Ini lah kegiatan rutin kami berdua. Setiap pagi, sebelum murid-murid datang. Mengairi tanaman, merawat mereka. Membersihkan sampah di sekitar lingkungan. Aku dan Danny, dua siswa yang begitu mencintai alam ini.
Danny, satu setengah tahun cukup untuk aku mengerti dia. Tuturnya sopan, tingkahnya lembut. Lesung pipit selalu bertengger di pipinya. Dia memiliki mata coklat kehitaman yang begitu terduh dan menyejukkan. Namun, sialnya mata itu yang membuat aku diam memendam rasa padanya selama setahun ini. Mata itu yang selalu membungkam mulutku. Mata itu yang selalu membuatku gugup setiap aku mencoba meluapkan rasa. Namun, rasa yang kubungkus dengan baik jauh di dalam lembah hatiku ini tak pernah mengusikku. Aku tau, berada di dekatnya sudah cukup.
Brak. Semua terjadi dalam hitungan cepat. Gayung berisi air dalam genggamku terlepas. Aku terjatuh dalam tanah basah. Seketika jaket ungu yang kukenakan kotor oleh lumpur. Di hadapanku, Riyo si biang rusuh berdiri dengan memasang wajah super duper mega menyebalkan.
“Linda, mata kamu dimana?” Tuh kan, orang menyebalkan itu malah marah-marah terlebih dulu! Aku menghela nafas, Danny membantuku berdiri. Satu set parfum maskulin aroma tubuhnya kembali berputar di hidungku. Riyo melempar plastik bungkus coklat yang baru saja dia makan dengan entengnya.
“Riyo! Aku baru saja membersihkannya!” hatiku panas menahan marah. Jika saja ini kartun, pasti telingaku sudah beruap dan wajahku merah padam saking marahnya.
“Trus, urusannya sama aku apaan?” dia memasang wajah sangat menyabalkan.
“Rio. . .”
“Sudah, Lin!” Danny memegang lenganku, memungut sampah yang baru saja dibuang Rio dan membuangnya ke tempat sampah, “Selesai masalah kan?” Danny menaikkan satu alisnya.

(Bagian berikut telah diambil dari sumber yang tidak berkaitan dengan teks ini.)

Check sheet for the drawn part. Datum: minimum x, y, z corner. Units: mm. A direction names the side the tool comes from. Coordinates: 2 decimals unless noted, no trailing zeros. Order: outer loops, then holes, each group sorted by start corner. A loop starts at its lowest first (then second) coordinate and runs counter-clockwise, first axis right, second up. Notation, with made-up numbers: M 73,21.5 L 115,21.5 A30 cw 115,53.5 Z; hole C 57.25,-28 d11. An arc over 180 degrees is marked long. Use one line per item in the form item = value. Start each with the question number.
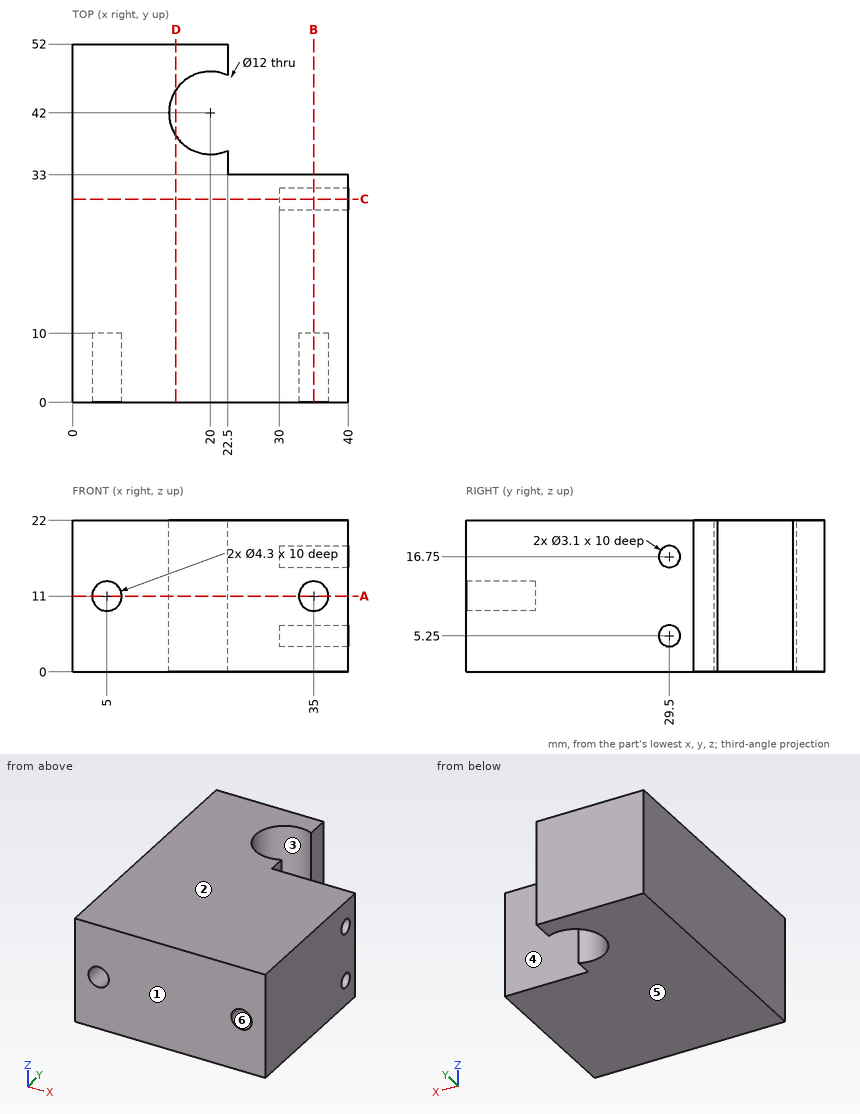
1. Cross-section at A-A on z = 11. Enter the section's corners in (x, y).
2. Cross-section at D-D on x = 15. Enter the section's corners in (y, z).
3. Material ranges on line 1 along Z through (x, y) = (35.75, 29.5); line 2 along Y through (x, z) = (20, 11.25); line 3 along Z through (x, y) = (5, 5.25), recorded low to high.
4. Cross-section at B-B on x = 35. Enter the section's corners in (y, z).
5. Depth check by flat-ended pin: P1, Ø10, axis at y = 42, z = 19.5, coming from the +X side; P2, Ø5, axis at x = 28.5, z = 7, coming from the +Y side; P3, Ø1.3, axis at x = 5, z = 10.5, coming from the -Y side; P4, Ø19, axis at x = 20, y = 42, coming from the +Z side. Enter the tip coordinate at first touch or a pass-through.
6. Cross-section at C-C on y = 29.5. Enter the section's corners in (x, z), and give its area (3 significant figures).
7. Tool access check on the marked faces 5 and 6. Record the directions out of +Z, -Z, +X, -X, +Y, -Y that give a thin tool (end or side, any length) a straight path to the whole face; none if there is none.
8. Release check for a two-part mould opening along Y. For the marked faces 1, 2, 3 and 4 record: pulls with the +Y half, pulls with the -Y half, needs draft (parallel to the pull), parting line crosses it, or undercut.
Final values:
q1.outline = M 0,0 L 2.85,0 L 2.85,10 L 7.15,10 L 7.15,0 L 32.85,0 L 32.85,10 L 37.15,10 L 37.15,0 L 40,0 L 40,33 L 22.5,33 L 22.5,36.55 A6 cw long 22.5,47.45 L 22.5,52 L 0,52 Z
q2.outline = M 0,0 L 38.68,0 L 38.68,22 L 0,22 Z; M 45.32,0 L 52,0 L 52,22 L 45.32,22 Z
q3.line_1 = 0 to 3.7, 6.8 to 15.2, 18.3 to 22
q3.line_2 = 0 to 36, 48 to 52
q3.line_3 = 0 to 8.85, 13.15 to 22
q4.outline = M 0,0 L 33,0 L 33,22 L 0,22 L 0,13.15 L 10,13.15 L 10,8.85 L 0,8.85 Z; hole C 29.5,5.25 d3.1; hole C 29.5,16.75 d3.1
q5.P1 = 16.68
q5.P2 = 33
q5.P3 = 10
q5.P4 = 22
q6.outline = M 0,0 L 40,0 L 40,3.7 L 30,3.7 L 30,6.8 L 40,6.8 L 40,15.2 L 30,15.2 L 30,18.3 L 40,18.3 L 40,22 L 0,22 Z
q6.area = 818 mm2
q7.face_5 = -Z, +X, -X, +Y, -Y
q7.face_6 = -Y
q8.face_1 = pulls with the -Y half
q8.face_2 = needs draft
q8.face_3 = undercut
q8.face_4 = pulls with the +Y half

“Kalian berdua sangat serasi ya. Sama-sama seperti tukang sampah” Rio menghambur pergi. Ada hal aneh yang kutangkap dalam nada suara Riyo. Lagi-lagi Danny memegang lenganku ketika aku bersiap menyemburkan amarah.
Danny, entah mengapa dia bisa bersikap seperti itu. Bahkan kecintaanku terhadap lingkungan pun tak mampu membuatku memungut sampah di depan mata Riyo seperti apa yang dilakukan Danny. Bell sekolah berbunyi. Aku dan Danny beriringan masuk kelas. Melanjutkan hari, merajut cerita, menuliskan peristiwa, membangun kenangan.
###
Hari berganti. Mendung dengan sombongnya menutupi matahari. Gerimis mulai turun menyapa pagi nan dingin. Aku masih duduk menikmati setangkai dandelion yang sebagian telah basah oleh air hujan. Tanganku menengadah mencoba berbaur dengan air. Membiarkan dinginnya menyentuh lembut kulit tanganku.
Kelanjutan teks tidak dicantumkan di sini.